Default “for years to come”

Timothy Ash, senior sovereign strategist for emerging markets at BlueBay Asset Management, said in an email Tuesday that it was only a matter of time before Moscow failed to meet its obligations.

“The right move by OFAC, as this move will keep Russia in default for years to come until Putin remains president and / or leaves Ukraine. Russia will be able to come out of bankruptcy only when OFAC allows it. Therefore, OFAC keeps the lever, “Ash said.

“It will be humiliating for Putin, with whom he has done something great [Former Chancellor of Germany] Schroeder at a time when Russia was last on the brink of bankruptcy of the Paris Club, that great powers like Russia are paying their debts. Russia can no longer pay its debts because of its invasion of Ukraine. “

Ash predicts that Russia will lose most of its market access, even to China, in light of the default, as Moscow’s only funding will come from “excessive” interest rates.

“This means that there is no capital, no investment and no growth. Lower standard of living, outflow of capital and brains. The Russians will be poorer for a long time to come because of Putin.

Ash suggested that this would increase Russia’s isolation from the world economy and reduce its status as a superpower to a level similar to North Korea.

Burning Bridges

Agate Demara, director of global forecasting at The Economist Intelligence Unit, told CNBC on Friday that because Russia’s public debt is low and declining before the invasion, entering what the EIU sees as an inevitable default may not be a huge problem. for Russia.

“For me, this is really a signal whether Russia believes that all bridges have been burned with the West and financial investors. Usually, if you are a sovereign country, you do everything possible to avoid bankruptcy,” Demara said.

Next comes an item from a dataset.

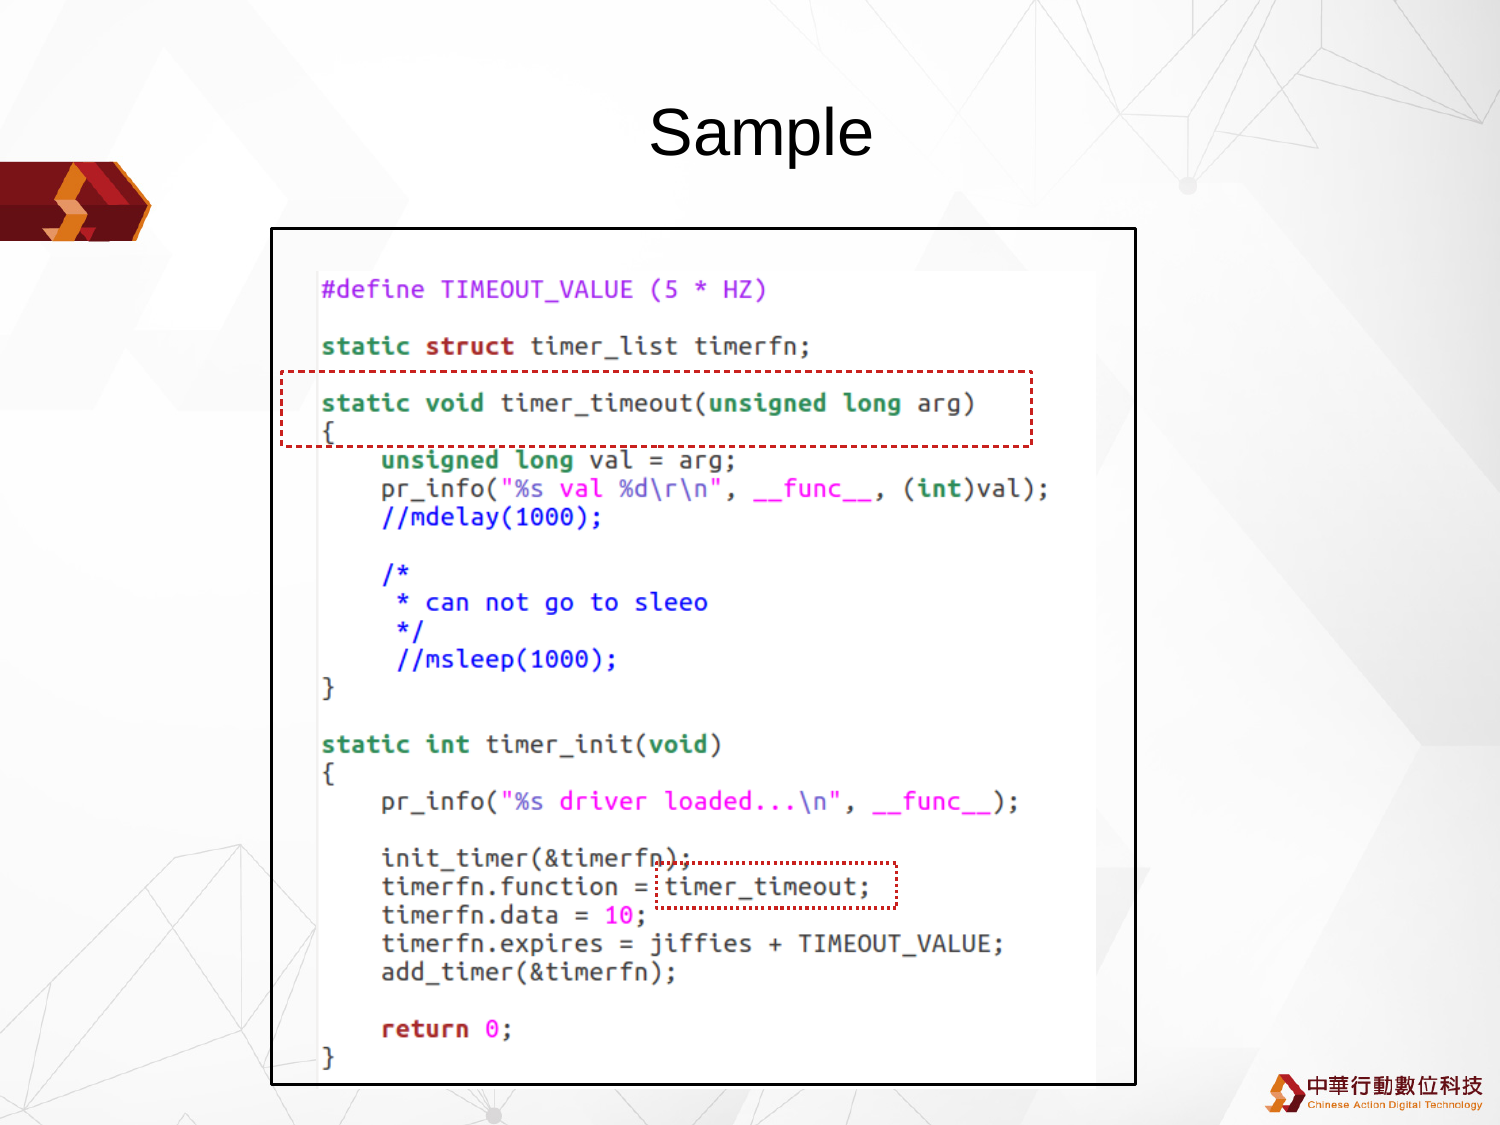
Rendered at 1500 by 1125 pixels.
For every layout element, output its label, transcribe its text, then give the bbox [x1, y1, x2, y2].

picture [0, 0, 1500, 1125]
title Sample [75, 81, 1426, 171]

“All the moves we are seeing at the moment – at least for me – suggest that Russia is not really concerned about non-compliance, and I think that’s because Russia really expects that there will be no improvement in relations with Western countries any time soon.”

She added that criminal sanctions against Russia by the United States and Western allies are likely to remain in place “indefinitely”, as the Kremlin’s false characterization of the invasion as a “denazifying” effort means it cannot be easily reversed.

The EIU expects a hot war throughout the year and a protracted conflict thereafter as Russia and the West try to reconfigure supply chains to adapt to the new sanctions regime instead of looking for ways to end it.

Russia is still attracting significant amounts of energy exports and is trying to force European importers to pay for oil and gas in rubles to lift sanctions.

“This really shows that Putin’s strategy of burning bridges feels like he has nothing to lose,” Demara added.